Burma Without Blinkers
ON THE OPPOSITE page today, we publish the views of a senior U.N. official, John Holmes, on progress in Burma since a devastating cyclone struck more than three months ago. His rather upbeat assessment comes as President Bush and first lady Laura Bush, during a visit to Thailand, are about to draw the world's attention to persistent problems in Burma (also known as Myanmar), Thailand's neighbor in Southeast Asia.
You may recall that after Cyclone Nargis swept through Burma's Irrawaddy Delta on May 2, leaving 138,000 people dead or missing, Burma's dictator, Senior Gen. Than Shwe, refused almost all offers of international aid. U.S. Navy ships loaded with tents, food and other humanitarian supplies steamed in circles offshore but were never given permission to help. After weeks of begging and pleading, Than Shwe allowed more aid workers to enter, and they have been at work since. Having traveled to Burma twice, Mr. Holmes, who is U.N. undersecretary general for humanitarian affairs and emergency relief coordinator, reports the good news that "the overwhelming majority" of survivors "have received help, even if in many cases they still need a good deal more."
It is difficult to know the true conditions in the delta, since the regime won't let foreign journalists look and imprisons any Burmese journalists who seek to report accurately.

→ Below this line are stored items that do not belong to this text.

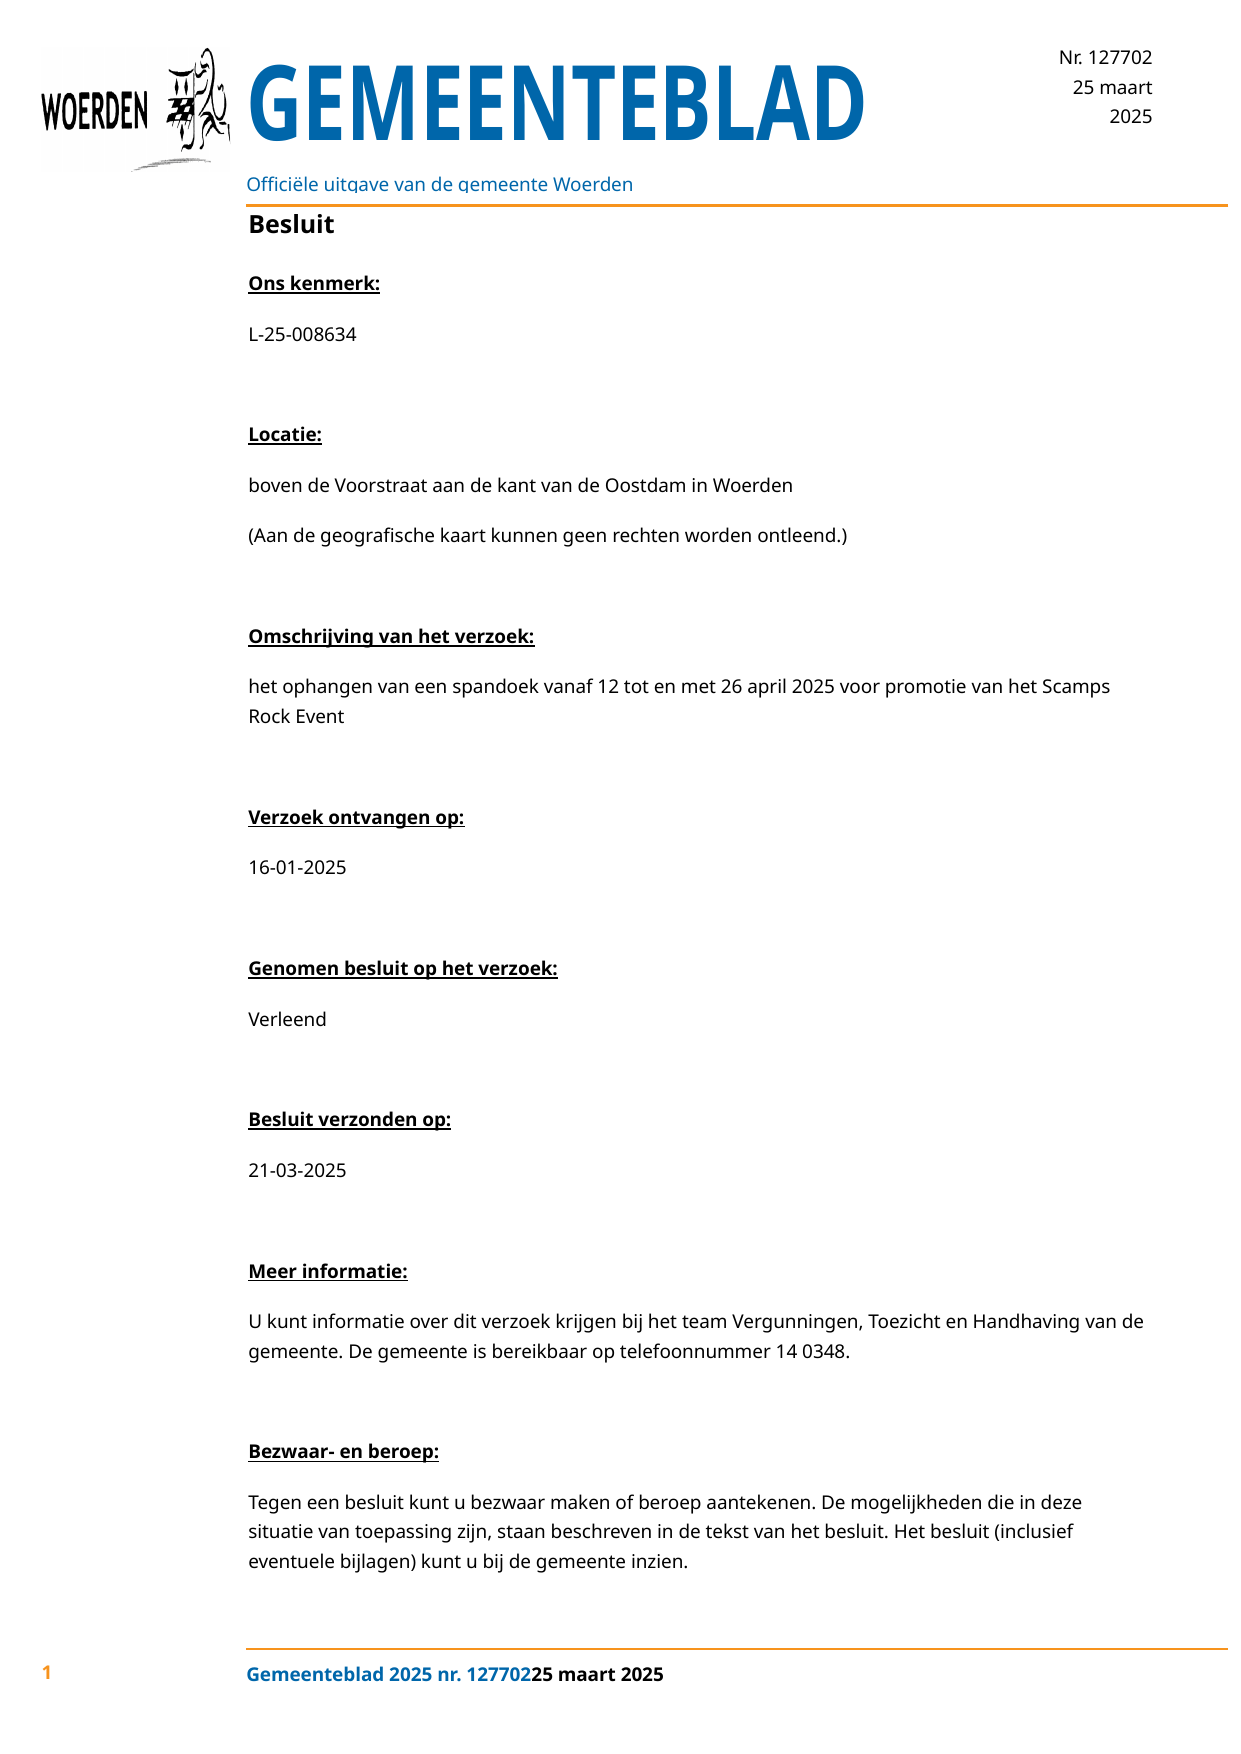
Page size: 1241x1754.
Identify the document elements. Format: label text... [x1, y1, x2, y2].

text boven de Voorstraat aan de kant van de Oostdam in Woerden [248, 472, 1152, 498]
text het ophangen van een spandoek vanaf 12 tot en met 26 april 2025 voor promotie van het Scamps Rock Event [248, 674, 1152, 729]
text Verzoek ontvangen op: [248, 804, 1152, 830]
text Omschrijving van het verzoek: [248, 623, 1152, 649]
text (Aan de geografische kaart kunnen geen rechten worden ontleend.) [248, 522, 1152, 548]
picture [41, 47, 231, 172]
text Tegen een besluit kunt u bezwaar maken of beroep aantekenen. De mogelijkheden die in deze situatie van toepassing zijn, staan beschreven in de tekst van het besluit. Het besluit (inclusief eventuele bijlagen) kunt u bij de gemeente inzien. [248, 1489, 1152, 1574]
text Meer informatie: [248, 1258, 1152, 1283]
text Besluit [248, 207, 1152, 241]
text Verleend [248, 1006, 1152, 1031]
text 21-03-2025 [248, 1157, 1152, 1183]
text Genomen besluit op het verzoek: [248, 955, 1152, 981]
text Locatie: [248, 422, 1152, 447]
text Bezwaar- en beroep: [248, 1439, 1152, 1464]
text L-25-008634 [248, 321, 1152, 346]
text Ons kenmerk: [248, 270, 1152, 296]
text Besluit verzonden op: [248, 1107, 1152, 1132]
text 16-01-2025 [248, 854, 1152, 880]
text U kunt informatie over dit verzoek krijgen bij het team Vergunningen, Toezicht en Handhaving van de gemeente. De gemeente is bereikbaar op telefoonnummer 14 0348. [248, 1308, 1152, 1363]
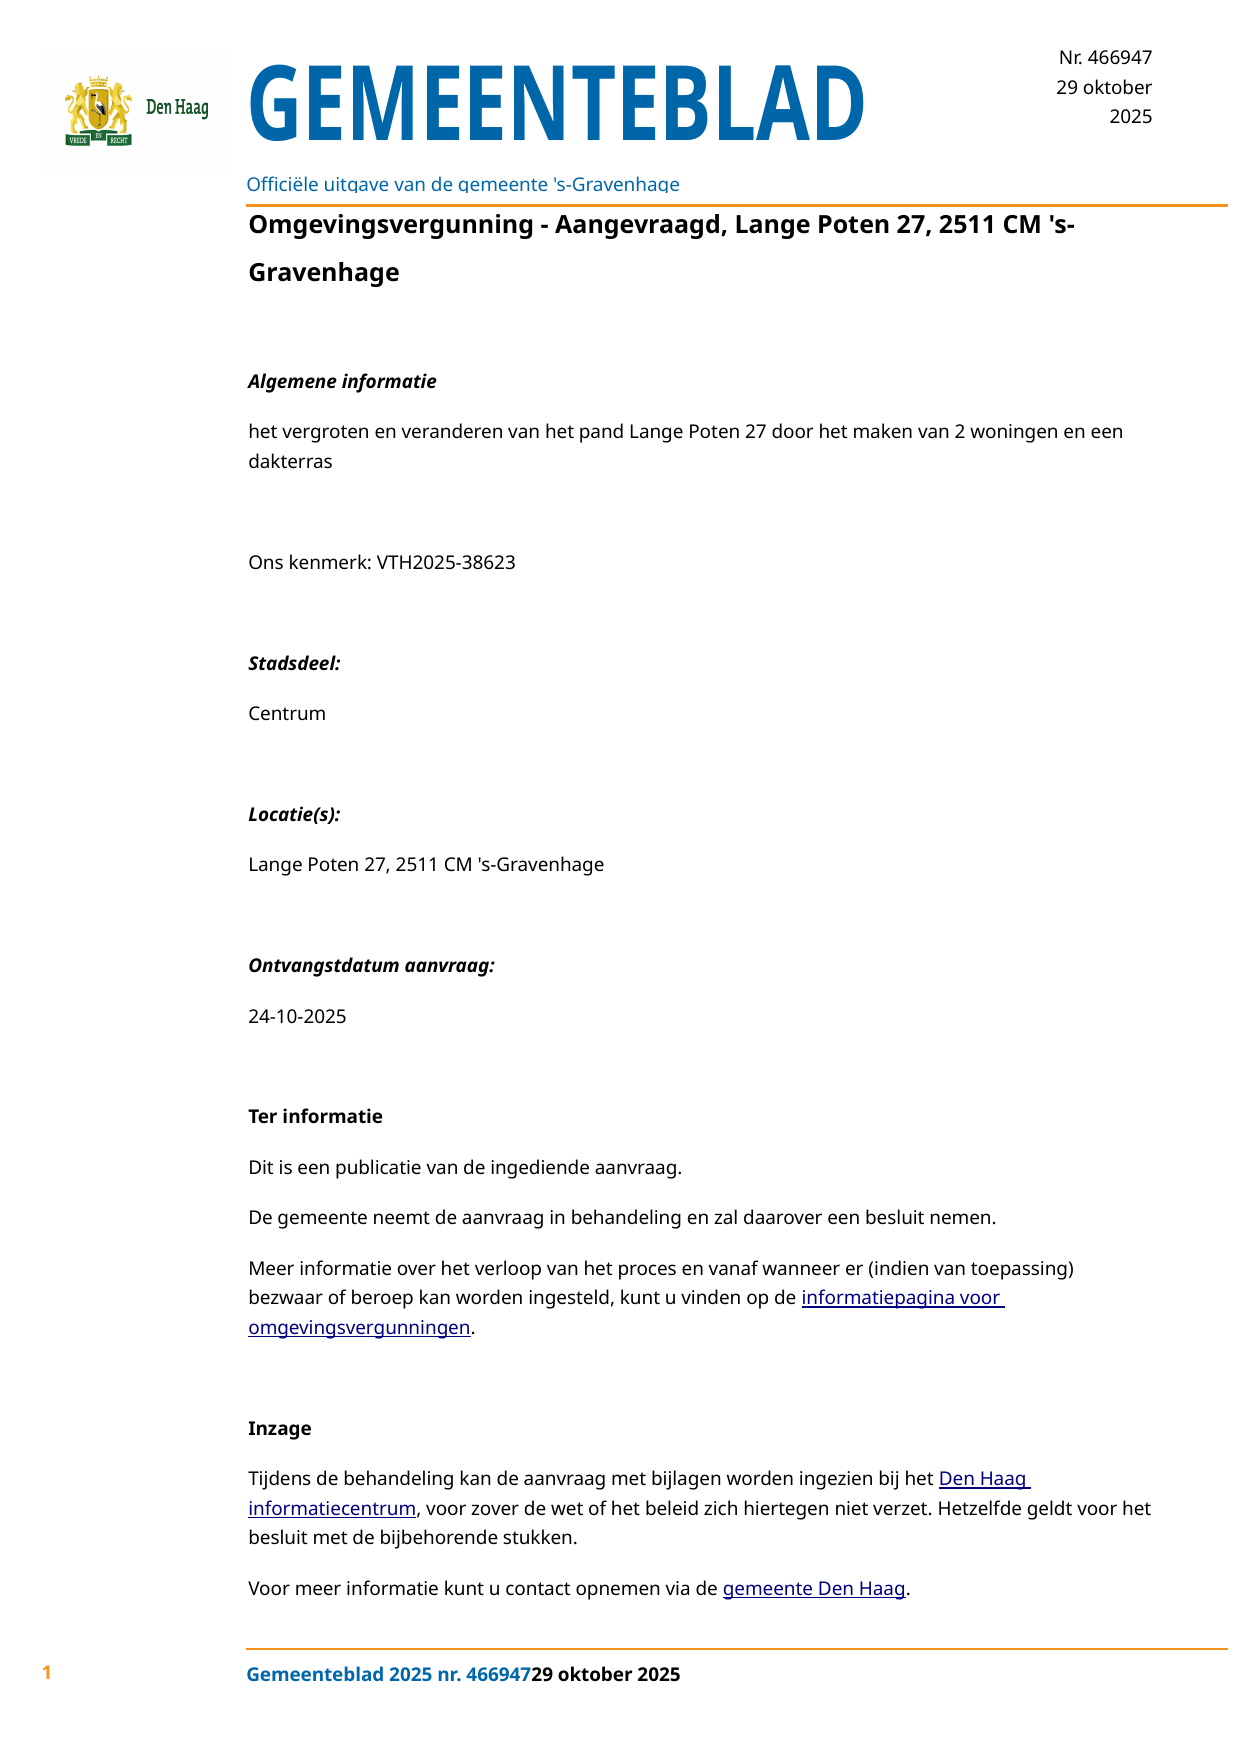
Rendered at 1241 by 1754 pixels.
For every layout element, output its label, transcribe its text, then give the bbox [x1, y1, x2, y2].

text 24-10-2025 [248, 1003, 1152, 1029]
text Locatie(s): [248, 801, 1152, 827]
text Meer informatie over het verloop van het proces en vanaf wanneer er (indien van toepassing) bezwaar of beroep kan worden ingesteld, kunt u vinden op de informatiepagina voor omgevingsvergunningen. [248, 1255, 1152, 1340]
text Centrum [248, 700, 1152, 726]
text Lange Poten 27, 2511 CM 's-Gravenhage [248, 852, 1152, 877]
text het vergroten en veranderen van het pand Lange Poten 27 door het maken van 2 woningen en een dakterras [248, 419, 1152, 474]
text Tijdens de behandeling kan de aanvraag met bijlagen worden ingezien bij het Den Haag informatiecentrum, voor zover de wet of het beleid zich hiertegen niet verzet. Hetzelfde geldt voor het besluit met de bijbehorende stukken. [248, 1465, 1152, 1550]
text Algemene informatie [248, 368, 1152, 394]
picture [41, 47, 231, 172]
text Omgevingsvergunning - Aangevraagd, Lange Poten 27, 2511 CM 's-Gravenhage [248, 207, 1152, 288]
text Stadsdeel: [248, 650, 1152, 676]
text Dit is een publicatie van de ingediende aanvraag. [248, 1154, 1152, 1180]
text Ons kenmerk: VTH2025-38623 [248, 549, 1152, 575]
text Voor meer informatie kunt u contact opnemen via de gemeente Den Haag. [248, 1575, 1152, 1601]
text De gemeente neemt de aanvraag in behandeling en zal daarover een besluit nemen. [248, 1204, 1152, 1230]
text Ontvangstdatum aanvraag: [248, 952, 1152, 978]
text Ter informatie [248, 1104, 1152, 1129]
text Inzage [248, 1415, 1152, 1441]

Just this week, a popular Burmese comedian and blogger and a sports journalist were brought up on charges -- "disturbing public order" -- that could bring two years in prison because they tried to help cyclone victims and talked about their plight. Aid agencies, meanwhile, tend to play down negative news because, understandably, they want to preserve their access. Still, a joint assessment last month, including from U.N. agencies, reported that most households in the hardest-hit delta region still lacked access to clean drinking water, a situation posing a risk of disease, and that more than half had food stocks for one day or less and faced "an increasing risk of acute malnutrition."
We agree with Mr. Holmes that the United Nations did the best it could -- for the simple reason that countries with influence in Burma, such as China, Thailand and India, were more interested in preserving their commercial and military ties to the Burmese regime than in pressing it to allow its people to be helped. We also understand Mr. Holmes's desire to separate humanitarian considerations from politics. But Burma, before and after the cyclone, was and is a humanitarian disaster because of politics: because its regime systematically impoverishes much of the population, conscripts children into forced labor, sends its army on internal campaigns of mass rape and ethnic cleansing, and persecutes monks and others who seek to help their fellow citizens. To consider such issues, or the criminal neglect of cyclone victims, as separable from politics is similar to hailing visits of U.N. human rights ambassadors as successful simply because they take place, even as the number of political prisoners -- 1,900 at latest count -- steadily rises.
So we think it is highly useful that Mr. Bush will meet with Burmese exiles tomorrow while Mrs. Bush visits a camp that houses 40,000 Burmese refugees. We hope their visit will be a reminder that by almost every measure of human misery and political repression, Burma in the past year has gone backward. Friday will mark the 20th anniversary of Burma's massacre of 3,000 democracy protesters. We hope that when Mr. Bush travels onward to Beijing, he will tell his Chinese hosts that history will not judge kindly their unstinting support of Burma's misrule in the 20 years since that black day.